Your assignment:
Where a line below includes the word "Purmerend", copy that line.

Excerpted records:

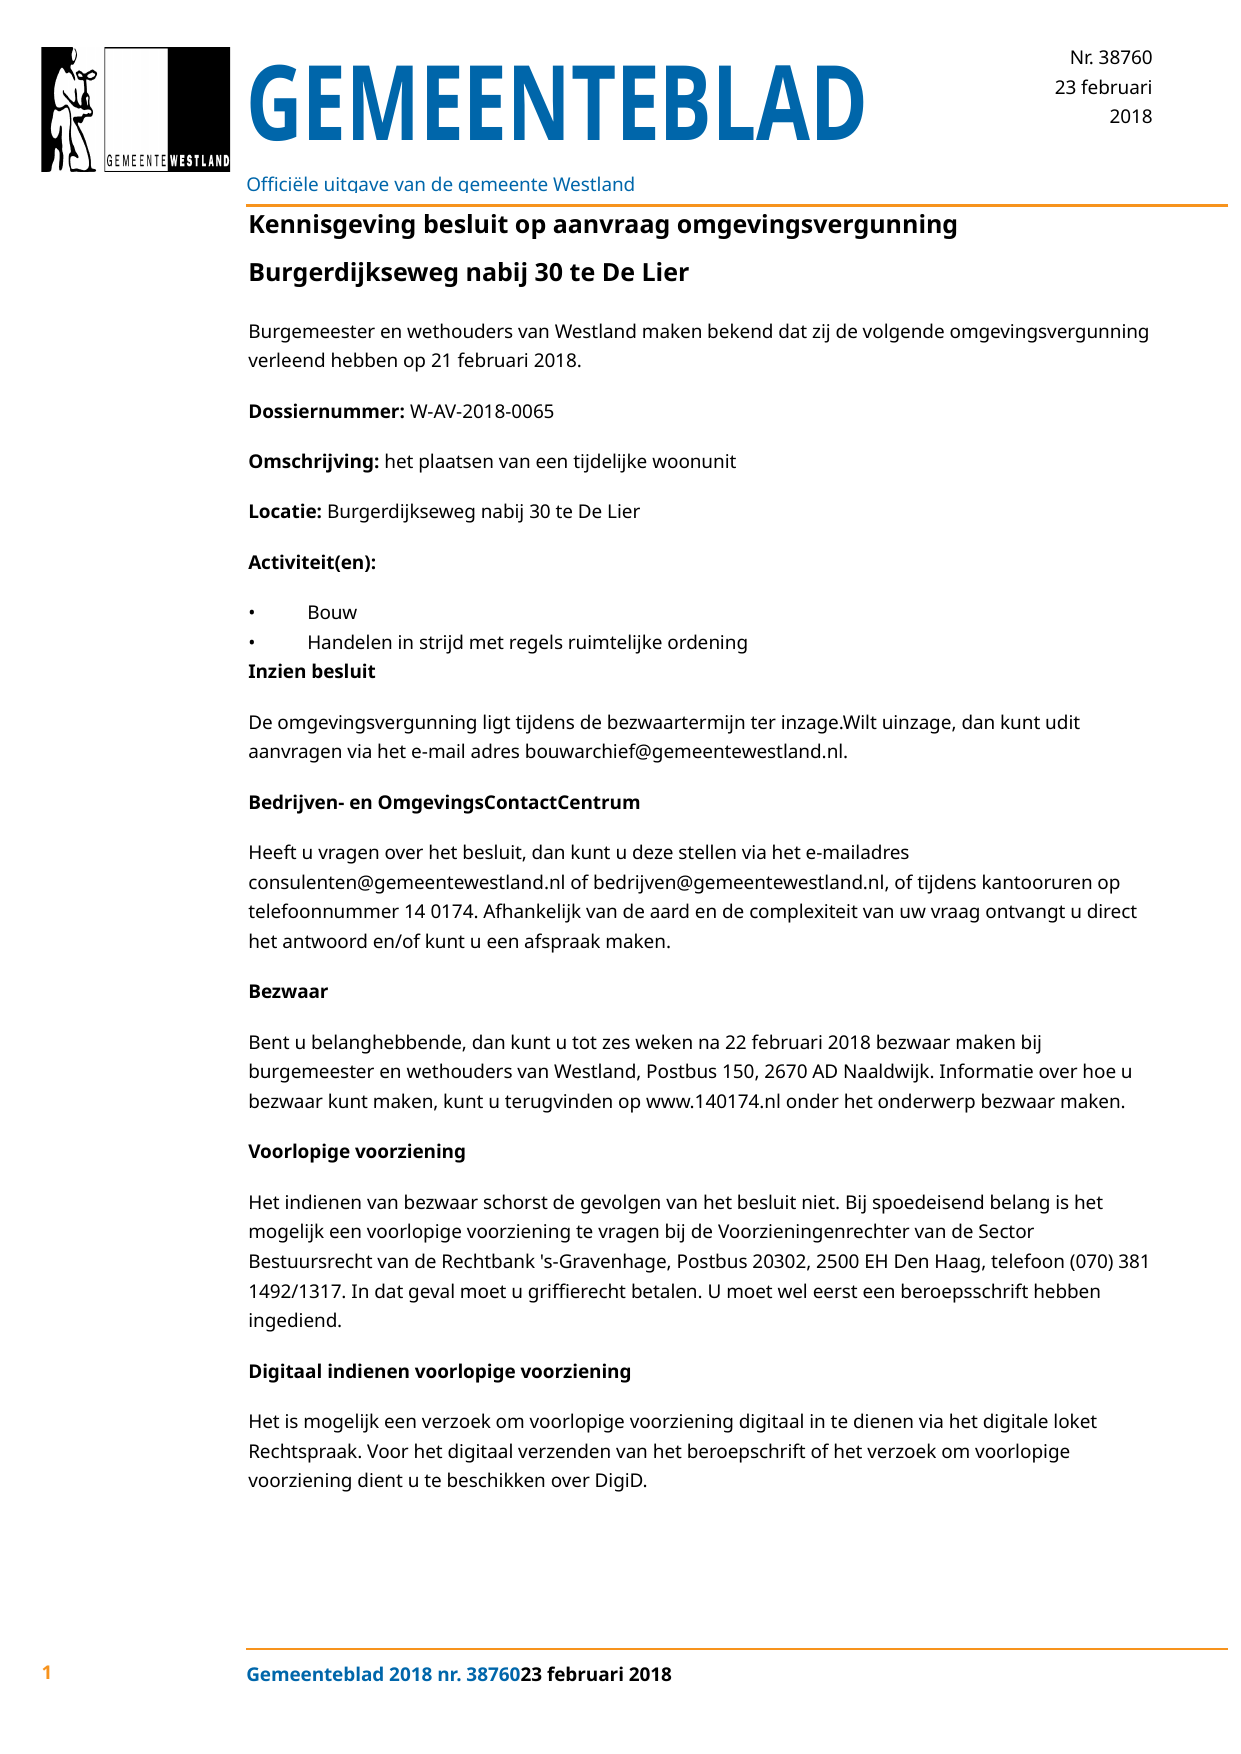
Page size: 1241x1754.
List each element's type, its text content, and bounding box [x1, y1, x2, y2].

picture [41, 47, 231, 172]
text Het indienen van bezwaar schorst de gevolgen van het besluit niet. Bij spoedeisend belang is het mogelijk een voorlopige voorziening te vragen bij de Voorzieningenrechter van de Sector Bestuursrecht van de Rechtbank 's-Gravenhage, Postbus 20302, 2500 EH Den Haag, telefoon (070) 381 1492/1317. In dat geval moet u griffierecht betalen. U moet wel eerst een beroepsschrift hebben ingediend. [248, 1189, 1152, 1333]
text Bezwaar [248, 979, 1152, 1004]
text Locatie: Burgerdijkseweg nabij 30 te De Lier [248, 499, 1152, 524]
text Omschrijving: het plaatsen van een tijdelijke woonunit [248, 448, 1152, 474]
text Voorlopige voorziening [248, 1139, 1152, 1164]
text Burgemeester en wethouders van Westland maken bekend dat zij de volgende omgevingsvergunning verleend hebben op 21 februari 2018. [248, 318, 1152, 373]
text Inzien besluit [248, 659, 1152, 684]
text Het is mogelijk een verzoek om voorlopige voorziening digitaal in te dienen via het digitale loket Rechtspraak. Voor het digitaal verzenden van het beroepschrift of het verzoek om voorlopige voorziening dient u te beschikken over DigiD. [248, 1408, 1152, 1493]
text Bent u belanghebbende, dan kunt u tot zes weken na 22 februari 2018 bezwaar maken bij burgemeester en wethouders van Westland, Postbus 150, 2670 AD Naaldwijk. Informatie over hoe u bezwaar kunt maken, kunt u terugvinden op www.140174.nl onder het onderwerp bezwaar maken. [248, 1029, 1152, 1114]
text Activiteit(en): [248, 549, 1152, 575]
list Bouw [248, 599, 1152, 625]
text Heeft u vragen over het besluit, dan kunt u deze stellen via het e-mailadres consulenten@gemeentewestland.nl of bedrijven@gemeentewestland.nl, of tijdens kantooruren op telefoonnummer 14 0174. Afhankelijk van de aard en de complexiteit van uw vraag ontvangt u direct het antwoord en/of kunt u een afspraak maken. [248, 839, 1152, 954]
text Digitaal indienen voorlopige voorziening [248, 1358, 1152, 1384]
list Handelen in strijd met regels ruimtelijke ordening [248, 629, 1152, 655]
text Bedrijven- en OmgevingsContactCentrum [248, 789, 1152, 815]
text De omgevingsvergunning ligt tijdens de bezwaartermijn ter inzage.Wilt uinzage, dan kunt udit aanvragen via het e-mail adres bouwarchief@gemeentewestland.nl. [248, 709, 1152, 764]
text Dossiernummer: W-AV-2018-0065 [248, 398, 1152, 424]
text Kennisgeving besluit op aanvraag omgevingsvergunning Burgerdijkseweg nabij 30 te De Lier [248, 207, 1152, 288]
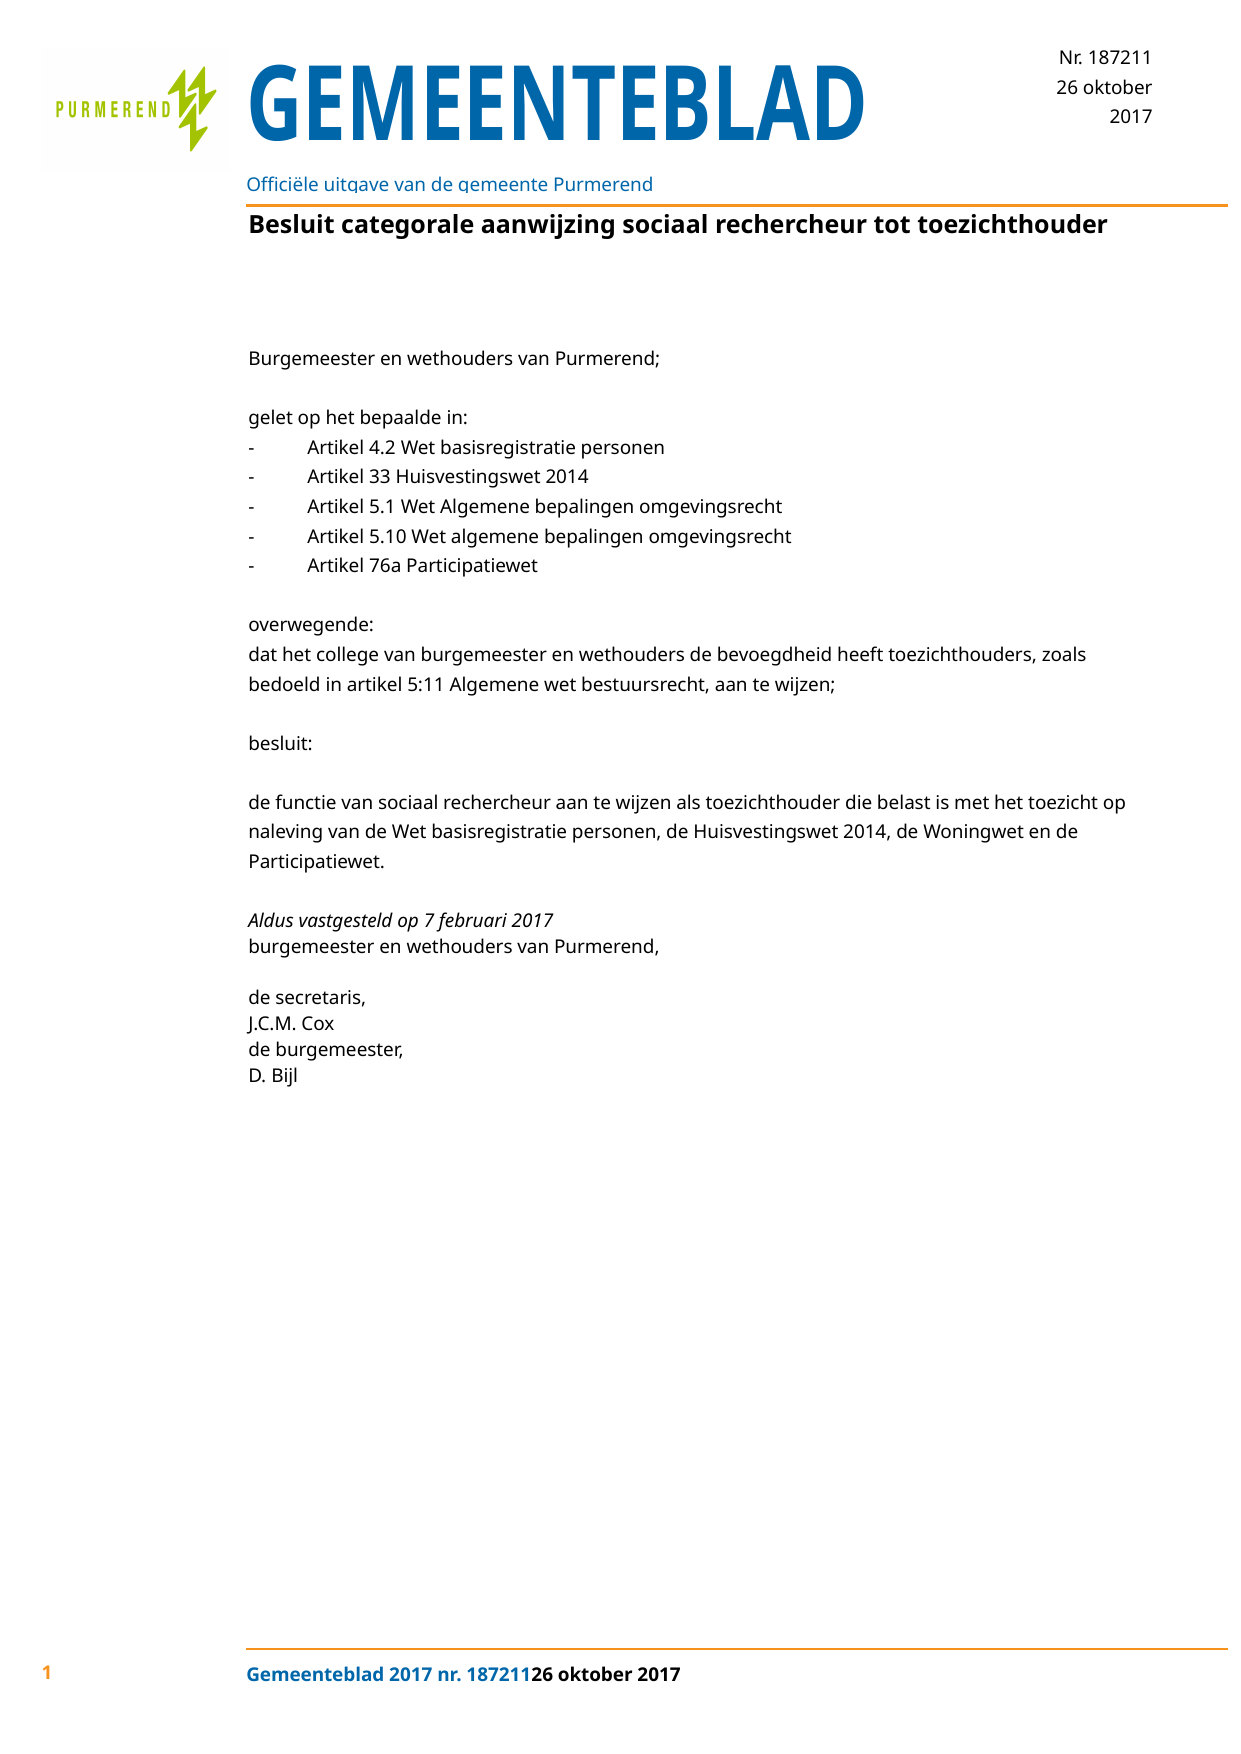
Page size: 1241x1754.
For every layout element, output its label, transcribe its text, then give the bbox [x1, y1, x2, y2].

text burgemeester en wethouders van Purmerend, [248, 933, 1152, 959]
text besluit: [248, 730, 1152, 756]
list Artikel 33 Huisvestingswet 2014 [248, 464, 1152, 489]
list Artikel 4.2 Wet basisregistratie personen [248, 434, 1152, 460]
text Aldus vastgesteld op 7 februari 2017 [248, 907, 1152, 933]
text Burgemeester en wethouders van Purmerend; [248, 345, 1152, 371]
list Artikel 5.10 Wet algemene bepalingen omgevingsrecht [248, 523, 1152, 548]
text de functie van sociaal rechercheur aan te wijzen als toezichthouder die belast is met het toezicht op naleving van de Wet basisregistratie personen, de Huisvestingswet 2014, de Woningwet en de Participatiewet. [248, 789, 1152, 874]
text gelet op het bepaalde in: [248, 404, 1152, 430]
text dat het college van burgemeester en wethouders de bevoegdheid heeft toezichthouders, zoals bedoeld in artikel 5:11 Algemene wet bestuursrecht, aan te wijzen; [248, 641, 1152, 696]
list Artikel 76a Participatiewet [248, 552, 1152, 578]
text Besluit categorale aanwijzing sociaal rechercheur tot toezichthouder [248, 207, 1152, 241]
text J.C.M. Cox [248, 1010, 1152, 1036]
text de secretaris, [248, 984, 1152, 1010]
text de burgemeester, [248, 1036, 1152, 1062]
text D. Bijl [248, 1062, 1152, 1087]
text overwegende: [248, 612, 1152, 637]
picture [41, 47, 231, 172]
list Artikel 5.1 Wet Algemene bepalingen omgevingsrecht [248, 493, 1152, 519]
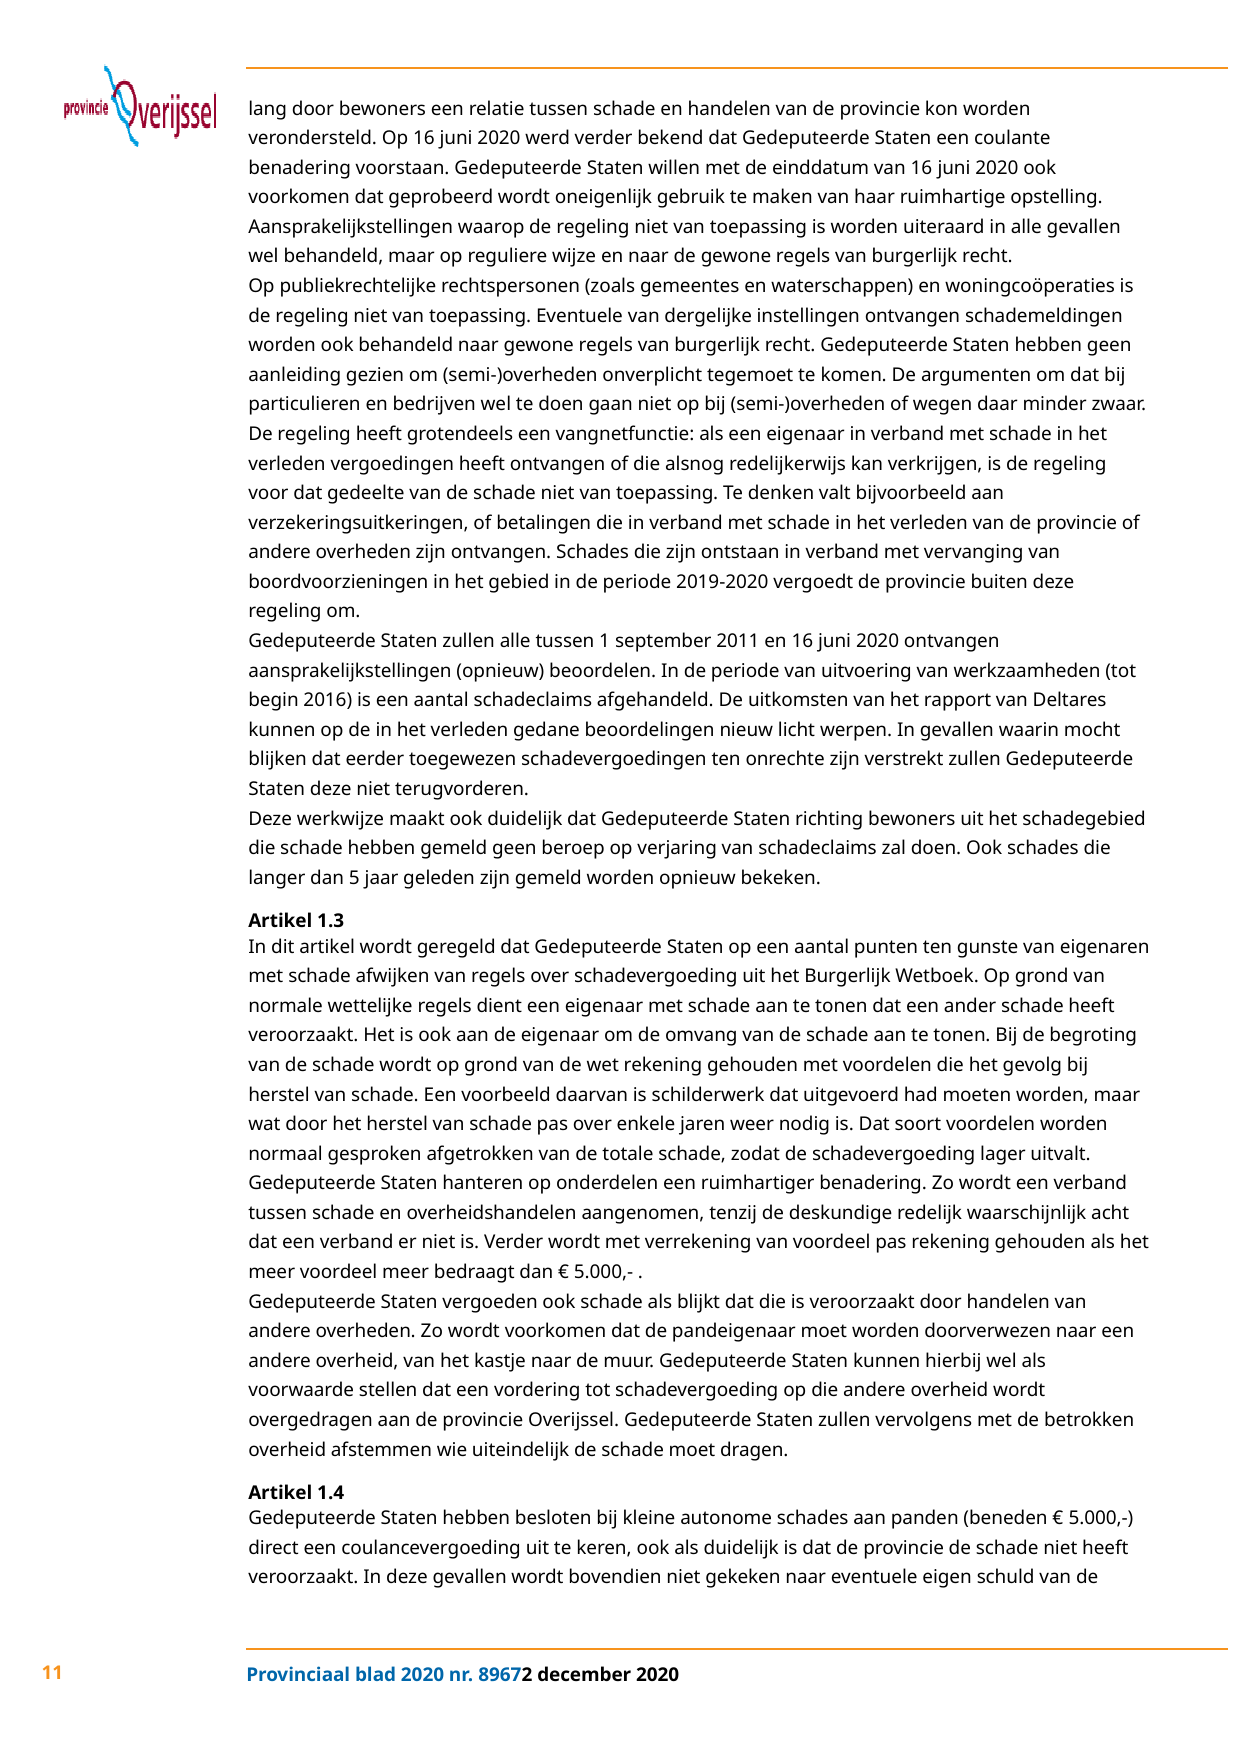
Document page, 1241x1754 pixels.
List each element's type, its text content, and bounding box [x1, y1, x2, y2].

text lang door bewoners een relatie tussen schade en handelen van de provincie kon worden verondersteld. Op 16 juni 2020 werd verder bekend dat Gedeputeerde Staten een coulante benadering voorstaan. Gedeputeerde Staten willen met de einddatum van 16 juni 2020 ook voorkomen dat geprobeerd wordt oneigenlijk gebruik te maken van haar ruimhartige opstelling. [248, 95, 1152, 209]
text De regeling heeft grotendeels een vangnetfunctie: als een eigenaar in verband met schade in het verleden vergoedingen heeft ontvangen of die alsnog redelijkerwijs kan verkrijgen, is de regeling voor dat gedeelte van de schade niet van toepassing. Te denken valt bijvoorbeeld aan verzekeringsuitkeringen, of betalingen die in verband met schade in het verleden van de provincie of andere overheden zijn ontvangen. Schades die zijn ontstaan in verband met vervanging van boordvoorzieningen in het gebied in de periode 2019-2020 vergoedt de provincie buiten deze regeling om. [248, 420, 1152, 623]
text Deze werkwijze maakt ook duidelijk dat Gedeputeerde Staten richting bewoners uit het schadegebied die schade hebben gemeld geen beroep op verjaring van schadeclaims zal doen. Ook schades die langer dan 5 jaar geleden zijn gemeld worden opnieuw bekeken. [248, 805, 1152, 890]
text Artikel 1.4 [248, 1479, 1152, 1504]
text Gedeputeerde Staten hebben besloten bij kleine autonome schades aan panden (beneden € 5.000,-) direct een coulancevergoeding uit te keren, ook als duidelijk is dat de provincie de schade niet heeft veroorzaakt. In deze gevallen wordt bovendien niet gekeken naar eventuele eigen schuld van de [248, 1504, 1152, 1589]
picture [41, 47, 231, 172]
text Op publiekrechtelijke rechtspersonen (zoals gemeentes en waterschappen) en woningcoöperaties is de regeling niet van toepassing. Eventuele van dergelijke instellingen ontvangen schademeldingen worden ook behandeld naar gewone regels van burgerlijk recht. Gedeputeerde Staten hebben geen aanleiding gezien om (semi-)overheden onverplicht tegemoet te komen. De argumenten om dat bij particulieren en bedrijven wel te doen gaan niet op bij (semi-)overheden of wegen daar minder zwaar. [248, 272, 1152, 416]
text Gedeputeerde Staten vergoeden ook schade als blijkt dat die is veroorzaakt door handelen van andere overheden. Zo wordt voorkomen dat de pandeigenaar moet worden doorverwezen naar een andere overheid, van het kastje naar de muur. Gedeputeerde Staten kunnen hierbij wel als voorwaarde stellen dat een vordering tot schadevergoeding op die andere overheid wordt overgedragen aan de provincie Overijssel. Gedeputeerde Staten zullen vervolgens met de betrokken overheid afstemmen wie uiteindelijk de schade moet dragen. [248, 1288, 1152, 1461]
text In dit artikel wordt geregeld dat Gedeputeerde Staten op een aantal punten ten gunste van eigenaren met schade afwijken van regels over schadevergoeding uit het Burgerlijk Wetboek. Op grond van normale wettelijke regels dient een eigenaar met schade aan te tonen dat een ander schade heeft veroorzaakt. Het is ook aan de eigenaar om de omvang van de schade aan te tonen. Bij de begroting van de schade wordt op grond van de wet rekening gehouden met voordelen die het gevolg bij herstel van schade. Een voorbeeld daarvan is schilderwerk dat uitgevoerd had moeten worden, maar wat door het herstel van schade pas over enkele jaren weer nodig is. Dat soort voordelen worden normaal gesproken afgetrokken van de totale schade, zodat de schadevergoeding lager uitvalt. [248, 933, 1152, 1166]
text Aansprakelijkstellingen waarop de regeling niet van toepassing is worden uiteraard in alle gevallen wel behandeld, maar op reguliere wijze en naar de gewone regels van burgerlijk recht. [248, 213, 1152, 268]
text Gedeputeerde Staten zullen alle tussen 1 september 2011 en 16 juni 2020 ontvangen aansprakelijkstellingen (opnieuw) beoordelen. In de periode van uitvoering van werkzaamheden (tot begin 2016) is een aantal schadeclaims afgehandeld. De uitkomsten van het rapport van Deltares kunnen op de in het verleden gedane beoordelingen nieuw licht werpen. In gevallen waarin mocht blijken dat eerder toegewezen schadevergoedingen ten onrechte zijn verstrekt zullen Gedeputeerde Staten deze niet terugvorderen. [248, 627, 1152, 801]
text Gedeputeerde Staten hanteren op onderdelen een ruimhartiger benadering. Zo wordt een verband tussen schade en overheidshandelen aangenomen, tenzij de deskundige redelijk waarschijnlijk acht dat een verband er niet is. Verder wordt met verrekening van voordeel pas rekening gehouden als het meer voordeel meer bedraagt dan € 5.000,- . [248, 1169, 1152, 1284]
text Artikel 1.3 [248, 907, 1152, 933]

Reply:
text burgemeester en wethouders van Purmerend, [248, 933, 1152, 959]
text Burgemeester en wethouders van Purmerend; [248, 345, 1152, 371]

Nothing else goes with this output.